15 SAMECH. Le Seigneur a retiré du milieu de mon peuple tout ce que j'avais d'hommes de cœur ; il à fait venir contre moi le temps qu'il avait marqué pour réduire en poussière mes jeunes guerriers ; le Seigneur a foulé lui-même au pressoir la vierge, fille de Juda.
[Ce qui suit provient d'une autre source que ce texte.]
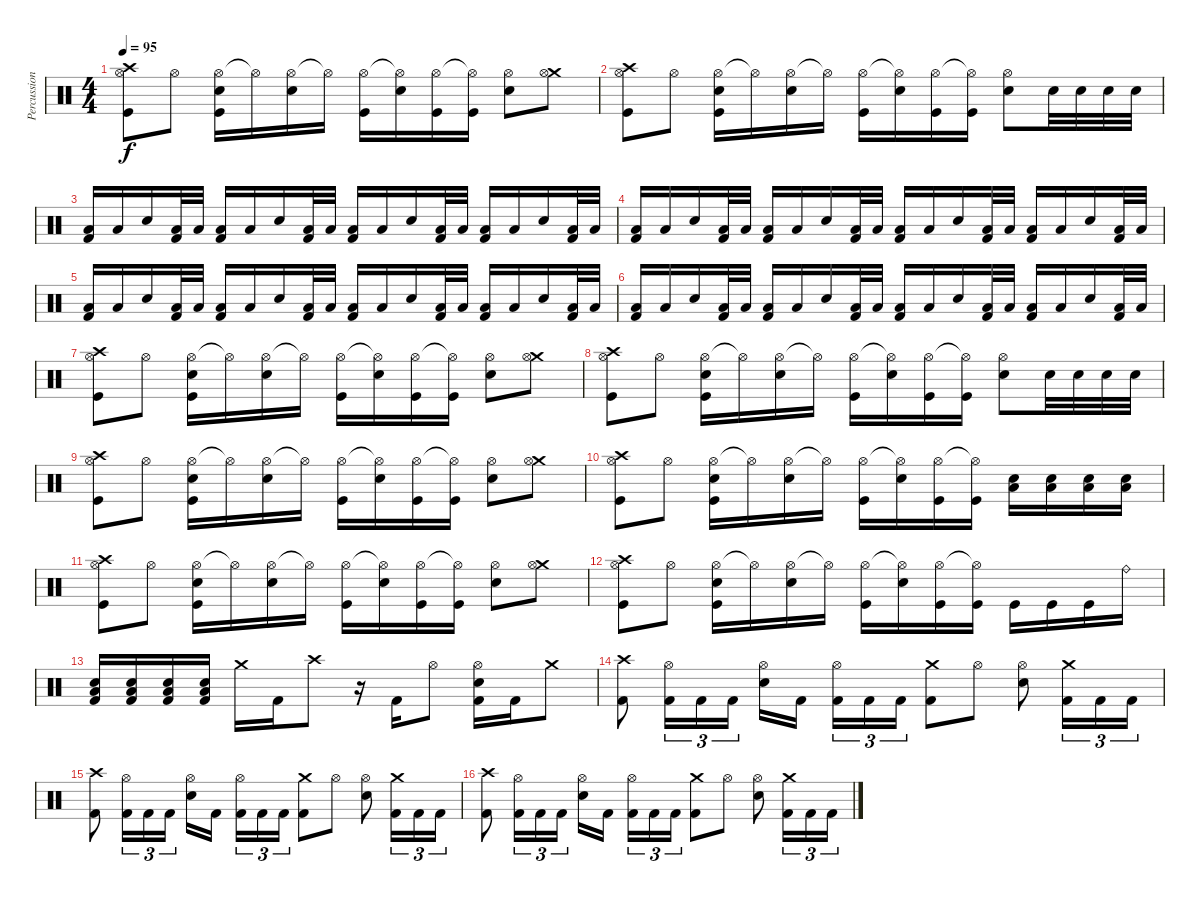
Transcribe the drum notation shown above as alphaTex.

\track ("Percussion" "Percussion") {instrument percussion}
\staff {score}
\articulation defaults
\ts (4 4)
\tempo 95
\clef neutral
\ks c
("Crash high (hit)" "Hi-Hat (open)" "Kick (hit)").8{dy f} "Hi-Hat (open)".8 ("Hi-Hat (open)" "Snare (hit) 2" "Kick (hit)").16 "Hi-Hat (open)"{t}.16 ("Hi-Hat (open)" "Snare (hit) 2").16 "Hi-Hat (open)"{t}.16 ("Hi-Hat (open)" "Kick (hit)").16 ("Hi-Hat (open)"{t} "Snare (hit) 2").16 ("Hi-Hat (open)" "Kick (hit)").16 ("Hi-Hat (open)"{t} "Kick (hit)").16 ("Hi-Hat (open)" "Snare (hit) 2").8 ("Crash medium (hit)" "Hi-Hat (open)").8 |
("Crash high (hit)" "Hi-Hat (open)" "Kick (hit)").8 "Hi-Hat (open)".8 ("Hi-Hat (open)" "Snare (hit) 2" "Kick (hit)").16 "Hi-Hat (open)"{t}.16 ("Hi-Hat (open)" "Snare (hit) 2").16 "Hi-Hat (open)"{t}.16 ("Hi-Hat (open)" "Kick (hit)").16 ("Hi-Hat (open)"{t} "Snare (hit) 2").16 ("Hi-Hat (open)" "Kick (hit)").16 ("Hi-Hat (open)"{t} "Kick (hit)").16 ("Hi-Hat (open)" "Snare (hit) 2").8 "Snare (hit) 2".32 "Snare (hit) 2".32 "Snare (hit) 2".32 "Snare (hit) 2".32 |
("Low Floor Tom (hit)" "Kick (hit) 2").16 "Low Floor Tom (hit)".16 "Snare (hit) 2".16 ("Low Floor Tom (hit)" "Kick (hit) 2").32 "Low Floor Tom (hit)".32 ("Low Floor Tom (hit)" "Kick (hit) 2").16 "Low Floor Tom (hit)".16 "Snare (hit) 2".16 ("Low Floor Tom (hit)" "Kick (hit) 2").32 "Low Floor Tom (hit)".32 ("Low Floor Tom (hit)" "Kick (hit) 2").16 "Low Floor Tom (hit)".16 "Snare (hit) 2".16 ("Low Floor Tom (hit)" "Kick (hit) 2").32 "Low Floor Tom (hit)".32 ("Low Floor Tom (hit)" "Kick (hit) 2").16 "Low Floor Tom (hit)".16 "Snare (hit) 2".16 ("Low Floor Tom (hit)" "Kick (hit) 2").32 "Low Floor Tom (hit)".32 |
("Low Floor Tom (hit)" "Kick (hit) 2").16 "Low Floor Tom (hit)".16 "Snare (hit) 2".16 ("Low Floor Tom (hit)" "Kick (hit) 2").32 "Low Floor Tom (hit)".32 ("Low Floor Tom (hit)" "Kick (hit) 2").16 "Low Floor Tom (hit)".16 "Snare (hit) 2".16 ("Low Floor Tom (hit)" "Kick (hit) 2").32 "Low Floor Tom (hit)".32 ("Low Floor Tom (hit)" "Kick (hit) 2").16 "Low Floor Tom (hit)".16 "Snare (hit) 2".16 ("Low Floor Tom (hit)" "Kick (hit) 2").32 "Low Floor Tom (hit)".32 ("Low Floor Tom (hit)" "Kick (hit) 2").16 "Low Floor Tom (hit)".16 "Snare (hit) 2".16 ("Low Floor Tom (hit)" "Kick (hit) 2").32 "Low Floor Tom (hit)".32 |
("Low Floor Tom (hit)" "Kick (hit) 2").16 "Low Floor Tom (hit)".16 "Snare (hit) 2".16 ("Low Floor Tom (hit)" "Kick (hit) 2").32 "Low Floor Tom (hit)".32 ("Low Floor Tom (hit)" "Kick (hit) 2").16 "Low Floor Tom (hit)".16 "Snare (hit) 2".16 ("Low Floor Tom (hit)" "Kick (hit) 2").32 "Low Floor Tom (hit)".32 ("Low Floor Tom (hit)" "Kick (hit) 2").16 "Low Floor Tom (hit)".16 "Snare (hit) 2".16 ("Low Floor Tom (hit)" "Kick (hit) 2").32 "Low Floor Tom (hit)".32 ("Low Floor Tom (hit)" "Kick (hit) 2").16 "Low Floor Tom (hit)".16 "Snare (hit) 2".16 ("Low Floor Tom (hit)" "Kick (hit) 2").32 "Low Floor Tom (hit)".32 |
("Low Floor Tom (hit)" "Kick (hit) 2").16 "Low Floor Tom (hit)".16 "Snare (hit) 2".16 ("Low Floor Tom (hit)" "Kick (hit) 2").32 "Low Floor Tom (hit)".32 ("Low Floor Tom (hit)" "Kick (hit) 2").16 "Low Floor Tom (hit)".16 "Snare (hit) 2".16 ("Low Floor Tom (hit)" "Kick (hit) 2").32 "Low Floor Tom (hit)".32 ("Low Floor Tom (hit)" "Kick (hit) 2").16 "Low Floor Tom (hit)".16 "Snare (hit) 2".16 ("Low Floor Tom (hit)" "Kick (hit) 2").32 "Low Floor Tom (hit)".32 ("Low Floor Tom (hit)" "Kick (hit) 2").16 "Low Floor Tom (hit)".16 "Snare (hit) 2".16 ("Low Floor Tom (hit)" "Kick (hit) 2").32 "Low Floor Tom (hit)".32 |
("Crash high (hit)" "Hi-Hat (open)" "Kick (hit)").8 "Hi-Hat (open)".8 ("Hi-Hat (open)" "Snare (hit) 2" "Kick (hit)").16 "Hi-Hat (open)"{t}.16 ("Hi-Hat (open)" "Snare (hit) 2").16 "Hi-Hat (open)"{t}.16 ("Hi-Hat (open)" "Kick (hit)").16 ("Hi-Hat (open)"{t} "Snare (hit) 2").16 ("Hi-Hat (open)" "Kick (hit)").16 ("Hi-Hat (open)"{t} "Kick (hit)").16 ("Hi-Hat (open)" "Snare (hit) 2").8 ("Crash medium (hit)" "Hi-Hat (open)").8 |
("Crash high (hit)" "Hi-Hat (open)" "Kick (hit)").8 "Hi-Hat (open)".8 ("Hi-Hat (open)" "Snare (hit) 2" "Kick (hit)").16 "Hi-Hat (open)"{t}.16 ("Hi-Hat (open)" "Snare (hit) 2").16 "Hi-Hat (open)"{t}.16 ("Hi-Hat (open)" "Kick (hit)").16 ("Hi-Hat (open)"{t} "Snare (hit) 2").16 ("Hi-Hat (open)" "Kick (hit)").16 ("Hi-Hat (open)"{t} "Kick (hit)").16 ("Hi-Hat (open)" "Snare (hit) 2").8 "Snare (hit) 2".32 "Snare (hit) 2".32 "Snare (hit) 2".32 "Snare (hit) 2".32 |
("Crash high (hit)" "Hi-Hat (open)" "Kick (hit)").8 "Hi-Hat (open)".8 ("Hi-Hat (open)" "Snare (hit) 2" "Kick (hit)").16 "Hi-Hat (open)"{t}.16 ("Hi-Hat (open)" "Snare (hit) 2").16 "Hi-Hat (open)"{t}.16 ("Hi-Hat (open)" "Kick (hit)").16 ("Hi-Hat (open)"{t} "Snare (hit) 2").16 ("Hi-Hat (open)" "Kick (hit)").16 ("Hi-Hat (open)"{t} "Kick (hit)").16 ("Hi-Hat (open)" "Snare (hit) 2").8 ("Crash medium (hit)" "Hi-Hat (open)").8 |
("Crash high (hit)" "Hi-Hat (open)" "Kick (hit)").8 "Hi-Hat (open)".8 ("Hi-Hat (open)" "Snare (hit) 2" "Kick (hit)").16 "Hi-Hat (open)"{t}.16 ("Hi-Hat (open)" "Snare (hit) 2").16 "Hi-Hat (open)"{t}.16 ("Hi-Hat (open)" "Kick (hit)").16 ("Hi-Hat (open)"{t} "Snare (hit) 2").16 ("Hi-Hat (open)" "Kick (hit)").16 ("Hi-Hat (open)"{t} "Kick (hit)").16 ("Snare (hit) 2" "Low Tom (hit)").16 ("Snare (hit) 2" "Low Tom (hit)").16 ("Snare (hit) 2" "Low Tom (hit)").16 ("Snare (hit) 2" "Low Tom (hit)").16 |
("Crash high (hit)" "Hi-Hat (open)" "Kick (hit)").8 "Hi-Hat (open)".8 ("Hi-Hat (open)" "Snare (hit) 2" "Kick (hit)").16 "Hi-Hat (open)"{t}.16 ("Hi-Hat (open)" "Snare (hit) 2").16 "Hi-Hat (open)"{t}.16 ("Hi-Hat (open)" "Kick (hit)").16 ("Hi-Hat (open)"{t} "Snare (hit) 2").16 ("Hi-Hat (open)" "Kick (hit)").16 ("Hi-Hat (open)"{t} "Kick (hit)").16 ("Hi-Hat (open)" "Snare (hit) 2").8 ("Crash medium (hit)" "Hi-Hat (open)").8 |
("Crash high (hit)" "Hi-Hat (open)" "Kick (hit)").8 "Hi-Hat (open)".8 ("Hi-Hat (open)" "Snare (hit) 2" "Kick (hit)").16 "Hi-Hat (open)"{t}.16 ("Hi-Hat (open)" "Snare (hit) 2").16 "Hi-Hat (open)"{t}.16 ("Hi-Hat (open)" "Kick (hit)").16 ("Hi-Hat (open)"{t} "Snare (hit) 2").16 ("Hi-Hat (open)" "Kick (hit)").16 ("Hi-Hat (open)"{t} "Kick (hit)").16 "Kick (hit)".16 "Kick (hit)".16 "Kick (hit)".16 "Ride (bell)".16 |
("Snare (hit) 2" "Low Floor Tom (hit)" "Kick (hit) 2").16 ("Snare (hit) 2" "Low Floor Tom (hit)" "Kick (hit) 2").16 ("Snare (hit) 2" "Low Floor Tom (hit)" "Kick (hit) 2").16 ("Snare (hit) 2" "Low Floor Tom (hit)" "Kick (hit) 2").16 "Crash medium (hit)".16 "Kick (hit) 2".16 "Crash high (hit)".8 r.16 "Kick (hit) 2".16 "Hi-Hat (open)".8 ("Hi-Hat (open)" "Snare (hit) 2" "Kick (hit) 2").16 "Kick (hit) 2".16 "Crash medium (hit)".8 |
("Crash high (hit)" "Kick (hit) 2").8 ("Hi-Hat (open)" "Kick (hit) 2").16{tu (3 2)} "Kick (hit) 2".16{tu (3 2)} "Kick (hit) 2".16{tu (3 2)} ("Hi-Hat (open)" "Snare (hit) 2").16 "Kick (hit) 2".16 ("Hi-Hat (open)" "Kick (hit) 2").16{tu (3 2)} "Kick (hit) 2".16{tu (3 2)} "Kick (hit) 2".16{tu (3 2)} ("Crash medium (hit)" "Kick (hit) 2").8 "Hi-Hat (open)".8 ("Hi-Hat (open)" "Snare (hit) 2").8 ("Crash medium (hit)" "Kick (hit) 2").16{tu (3 2)} "Kick (hit) 2".16{tu (3 2)} "Kick (hit) 2".16{tu (3 2)} |
("Crash high (hit)" "Kick (hit) 2").8 ("Hi-Hat (open)" "Kick (hit) 2").16{tu (3 2)} "Kick (hit) 2".16{tu (3 2)} "Kick (hit) 2".16{tu (3 2)} ("Hi-Hat (open)" "Snare (hit) 2").16 "Kick (hit) 2".16 ("Hi-Hat (open)" "Kick (hit) 2").16{tu (3 2)} "Kick (hit) 2".16{tu (3 2)} "Kick (hit) 2".16{tu (3 2)} ("Crash medium (hit)" "Kick (hit) 2").8 "Hi-Hat (open)".8 ("Hi-Hat (open)" "Snare (hit) 2").8 ("Crash medium (hit)" "Kick (hit) 2").16{tu (3 2)} "Kick (hit) 2".16{tu (3 2)} "Kick (hit) 2".16{tu (3 2)} |
("Crash high (hit)" "Kick (hit) 2").8 ("Hi-Hat (open)" "Kick (hit) 2").16{tu (3 2)} "Kick (hit) 2".16{tu (3 2)} "Kick (hit) 2".16{tu (3 2)} ("Hi-Hat (open)" "Snare (hit) 2").16 "Kick (hit) 2".16 ("Hi-Hat (open)" "Kick (hit) 2").16{tu (3 2)} "Kick (hit) 2".16{tu (3 2)} "Kick (hit) 2".16{tu (3 2)} ("Crash medium (hit)" "Kick (hit) 2").8 "Hi-Hat (open)".8 ("Hi-Hat (open)" "Snare (hit) 2").8 ("Crash medium (hit)" "Kick (hit) 2").16{tu (3 2)} "Kick (hit) 2".16{tu (3 2)} "Kick (hit) 2".16{tu (3 2)}

16 AÏN. C'est pour cela que je fonds en pleurs, et que mes yeux répandent des ruisseaux de larmes, parce qu'il n'y a auprès de moi personne qui puisse me consoler ni me rendre la vie ; mes enfants sont perdus, parce que l'ennemi est devenu le plus fort.
17 PHÉ. Sion a étendu ses mains, et il n'y a eu personne pour la consoler. Le Seigneur a ordonné aux ennemis de Jacob de venir l'attaquer de toutes parts ; Jérusalem est devenue au milieu d'eux comme une femme souillée de ses impuretés.
18 TSADÉ. Le Seigneur est juste, parce que je me suis attiré sa colère en désobéissant à sa parole ; peuples, écoutez tous, je vous en conjure ! et considérez ma douleur : mes vierges et mes jeunes hommes ont été menés en captivité.
19 COPH. J'ai appelé mes amants et ils ont trompé mon espérance : mes prêtres et mes vieillards ont été consumés dans la ville lorsqu'ils voulaient chercher quelque nourriture pour soutenir leur vie.
20 RESH. Seigneur, considérez quelle est mon affliction ! mes entrailles sont émues, mon cœur est renversé en moi-même, parce que j'ai été bien rebelle. L'épée tue mes enfants au dehors, tandis qu'au-dedans règne la mort.
21 SHIN. Ils entendent mes gémissements, et il n'y a personne qui me console ; tous mes ennemis ont appris mon malheur, et ils se réjouissent de ce que vous m'avez réduite en cet état ; mais quand le jour sera arrivé, que vous avez annoncé, ils deviendront semblables à moi.
22 THAU. Que tout le mal qu'ils ont commis se présente devant vous ! traitez-les comme vous m'avez traitée, à cause de toutes mes iniquités ; car mes soupirs redoublent sans cesse, et mon cœur est accablé de douleur.